Limitations & Future Work¶
- Validation is limited to a single dataset (emg2pose); generalizability to other EMG acquisition devices and protocols remains untested.
- The gesture vocabulary is small (4+4 classes), whereas practical applications require recognition of dozens to hundreds of gestures.
- No comparison is made against advanced contrastive learning methods such as SigLIP or CLAP.
- As a workshop paper, the experimental scale is limited and statistical significance is not reported.
- Online adaptation and few-shot fine-tuning scenarios are not explored.
- Robustness to inter-subject EMG signal variability is insufficiently analyzed.
Related Work & Insights¶
- vs. emg2pose: Supervised pose regression offers limited generalization; CPEP's contrastive alignment produces structured embeddings that support zero-shot retrieval.
- vs.
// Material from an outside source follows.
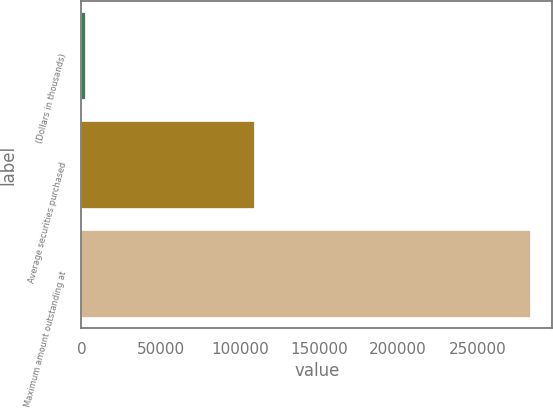Convert chart to OTSL. <chart><loc_0><loc_0><loc_500><loc_500><bar_chart><fcel>(Dollars in thousands)<fcel>Average securities purchased<fcel>Maximum amount outstanding at<nl><fcel>2014<fcel>108910<fcel>283215<nl></chart>

CLIP: CPEP adopts the cross-modal contrastive learning paradigm but introduces key adaptations—pre-training encoders to reduce data requirements and freezing the strong modality encoder.
- vs. NeuroPose/Vemg2pose: These baselines also employ Transformer architectures but are trained with supervised regression objectives, yielding embeddings of insufficient quality for retrieval-based classification.
Rating¶
- Novelty: ⭐⭐⭐⭐ First application of CLIP-style contrastive pre-training to EMG–pose alignment for zero-shot gesture recognition.
- Experimental Thoroughness: ⭐⭐⭐ Workshop paper; single dataset; limited gesture vocabulary.
- Writing Quality: ⭐⭐⭐⭐ Problem formulation is clear and method description is concise.
- Value: ⭐⭐⭐⭐ Opens a new direction for zero-shot EMG-based gesture recognition.